Remcos can then do any of the following criminal operations on the compromised system: record audio, keylog, screen capture, record video via webcam, or download and execute another malware. The system can completely be taken over by the attacker, while the victim stays unaware of the situation.

After examining the sample attack, researchers were able to identify the use of NET protector in the attack – it has various layers of protection that can help in making the process of reverse engineering extremely complex for researchers. This proved that the attackers were quite skilled and with experience in cyber crime, and not newbies of any kind.

It is also important to say that most of the methods that detect CVE-2017-0199 vulnerability are RTF attack based, and this has probably been the first time that PPSX PowerPoint was used as the main attack vector. This may point in the direction that the attackers are able of coding malware to avoid detection from an antivirus.

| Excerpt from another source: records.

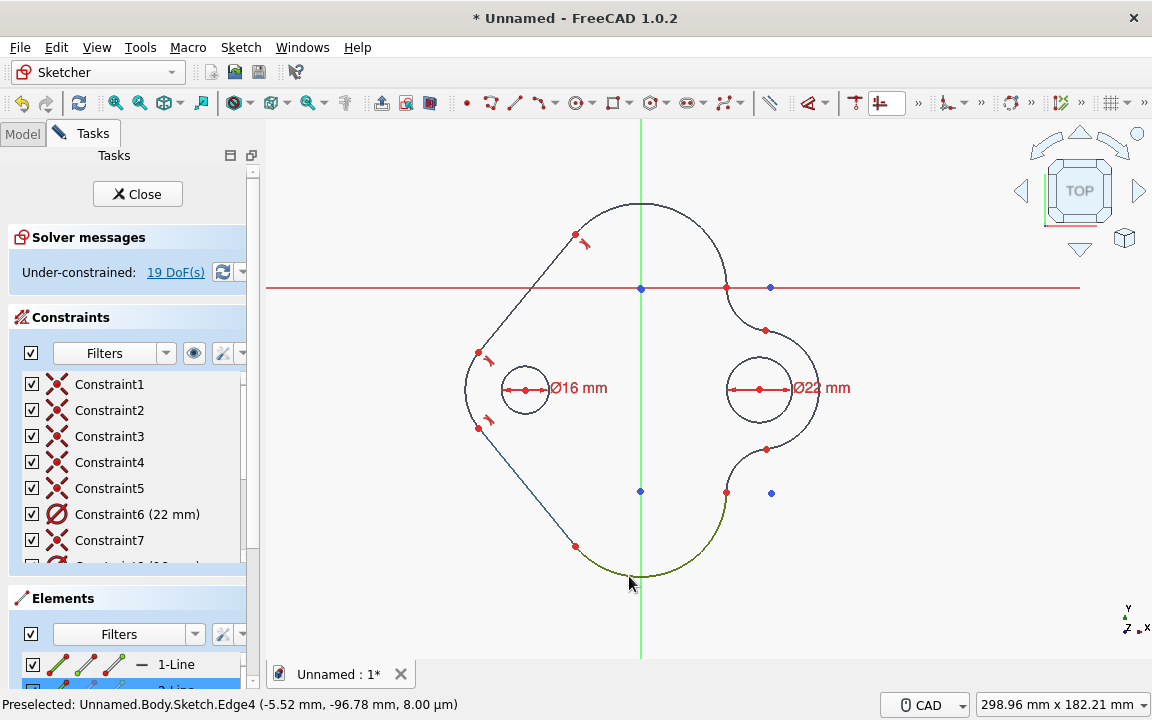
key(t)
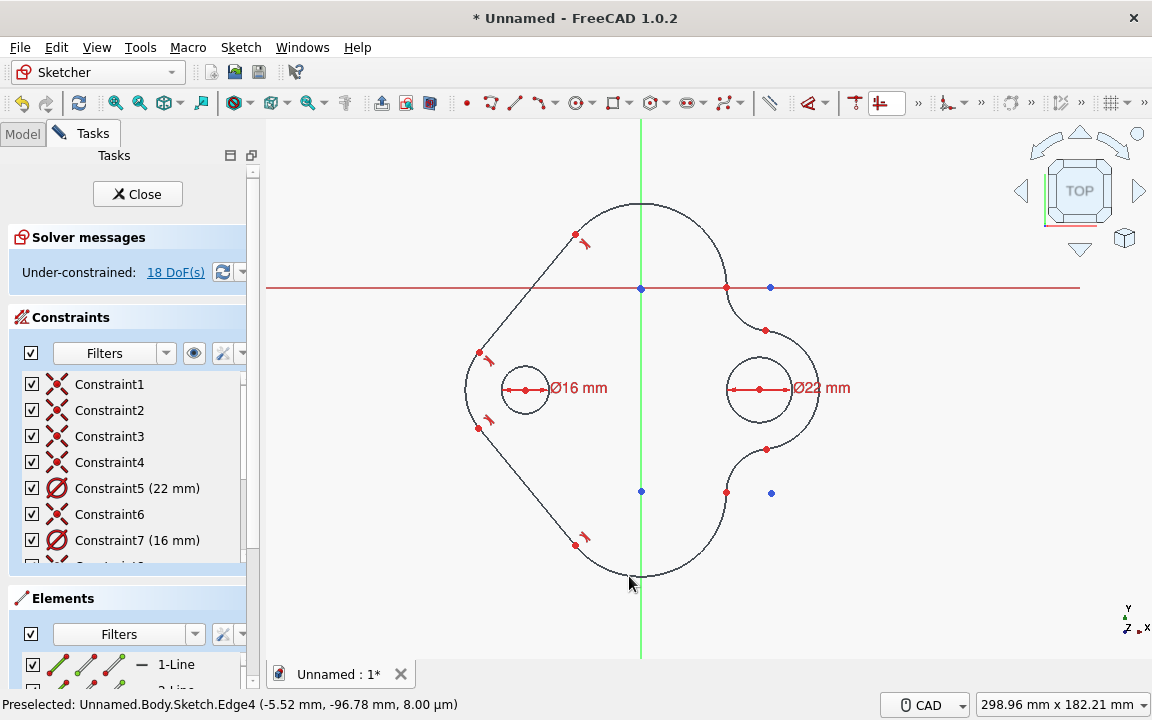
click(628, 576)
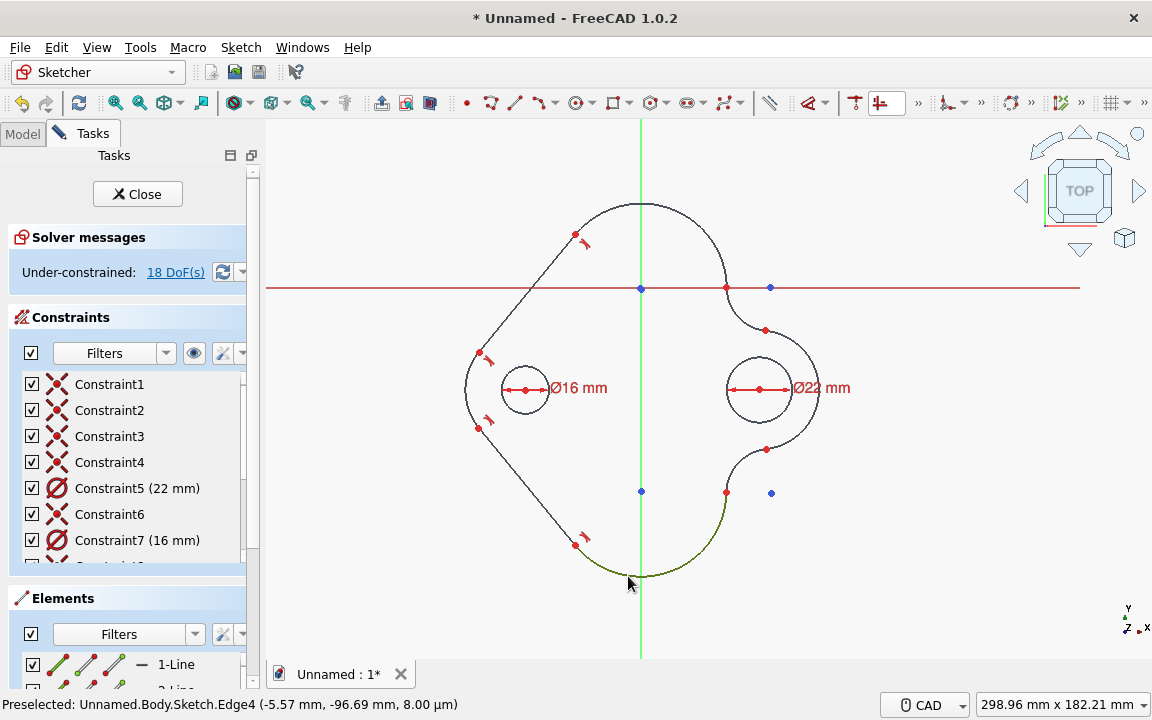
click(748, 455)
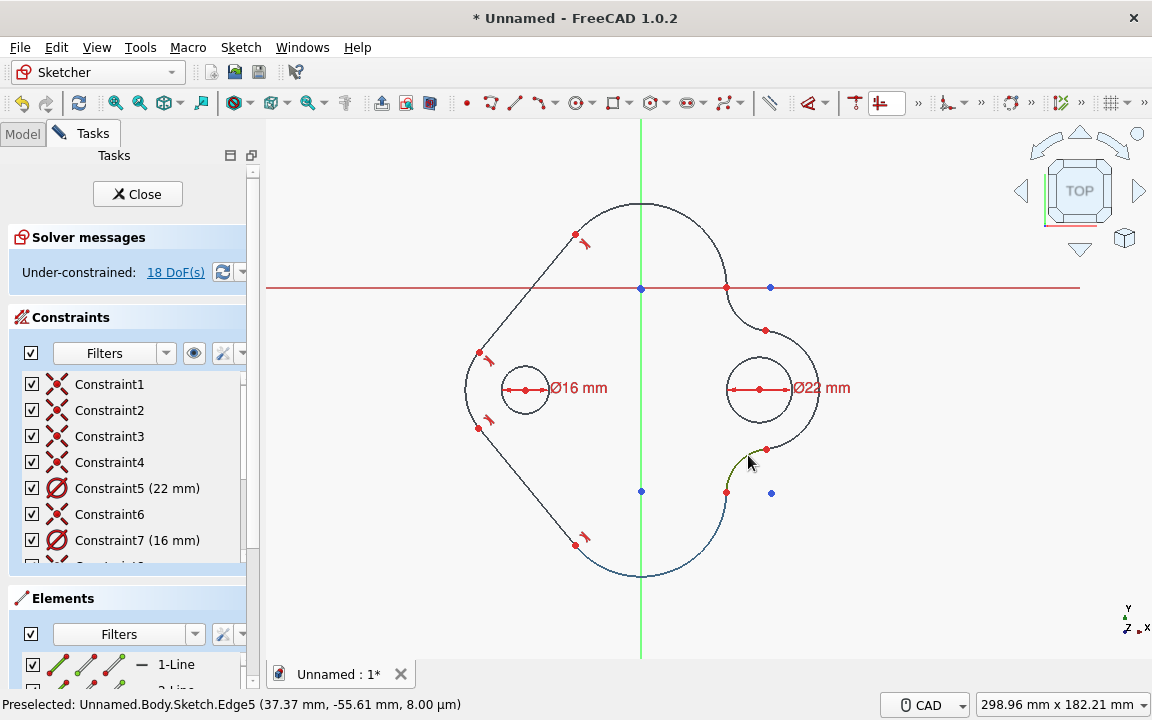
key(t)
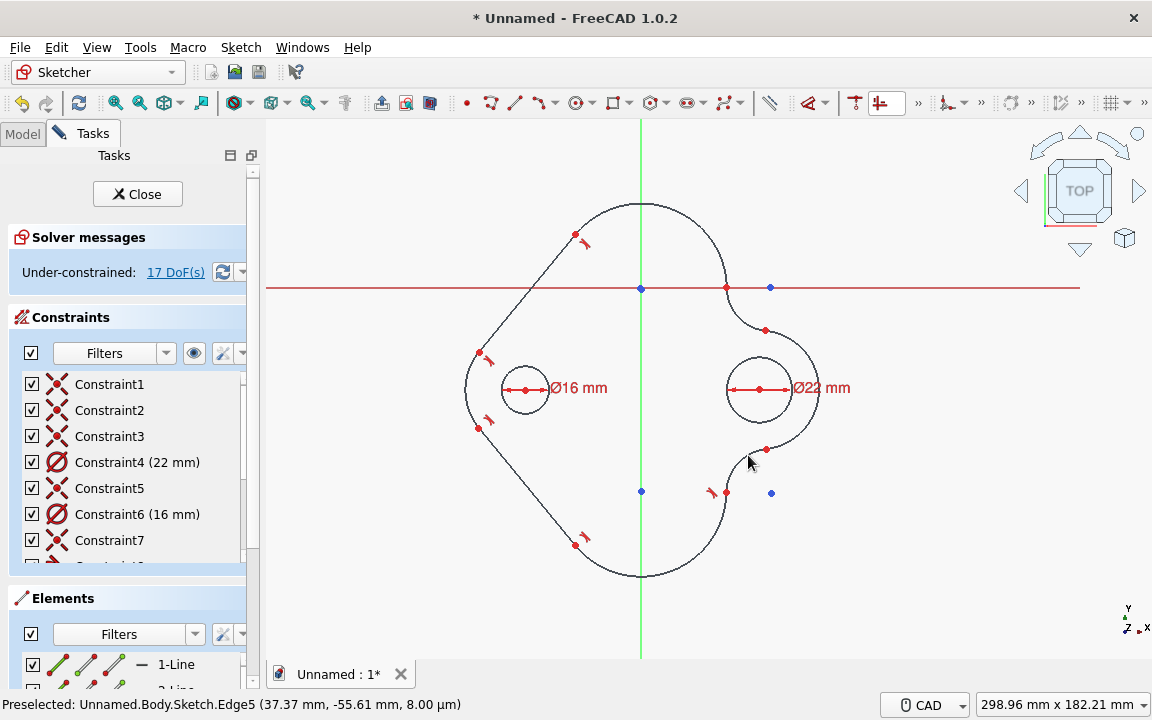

Microsoft has already reacted to this and released a patch in April that should keep you safe from these types of attacks in case you updated your system. Still, it is important to remain alerted and never to open emails from unknown or unverified sources. Users need to open or check files cautiously even the source seems legitimate because spear phishing attempts are becoming more and more sophisticated.

38 COMMENTS

  1. What’s up, everything is going well here and ofcourse every one is sharing facts, that’s actually fine, keep up writing.|

  2. With havin so much content and articles do you ever run into any issues of plagorism or copyright infringement? My website has a lot of exclusive content I’ve either authored myself or outsourced but it seems a lot of it is popping it up all over the web without my permission. Do you know any techniques to help stop content from being stolen? I’d really appreciate it.|

  3. When some one searches for his vital thing, thus he/she wants to be available that in detail, therefore that thing is maintained over here.|

  4. I have to thank you for the efforts you’ve put in writing this website. I am hoping to view the same high-grade content from you later on as well. In fact, your creative writing abilities has inspired me to get my own, personal website now ;)|

  5. I have been exploring for a little bit for any high quality articles or weblog posts on this sort of space . Exploring in Yahoo I at last stumbled upon this website. Studying this info So i’m happy to express that I have a very excellent uncanny feeling I came upon exactly what I needed. I most for sure will make sure to don?t disregard this site and give it a look on a relentless basis.|

  6. Thanks for another informative web site. Where else may I get that type of information written in such a perfect way? I’ve a challenge that I’m just now running on, and I have been at the look out for such info.|

  7. I’m extremely impressed with your writing skills as well as with the layout on your blog. Is this a paid theme or did you customize it yourself? Anyway keep up the nice quality writing, it is rare to see a great blog like this one nowadays.|

  8. Una aparición ocasional de dificultades para obtener o mantener una erección, no se considera disfunción eréctil.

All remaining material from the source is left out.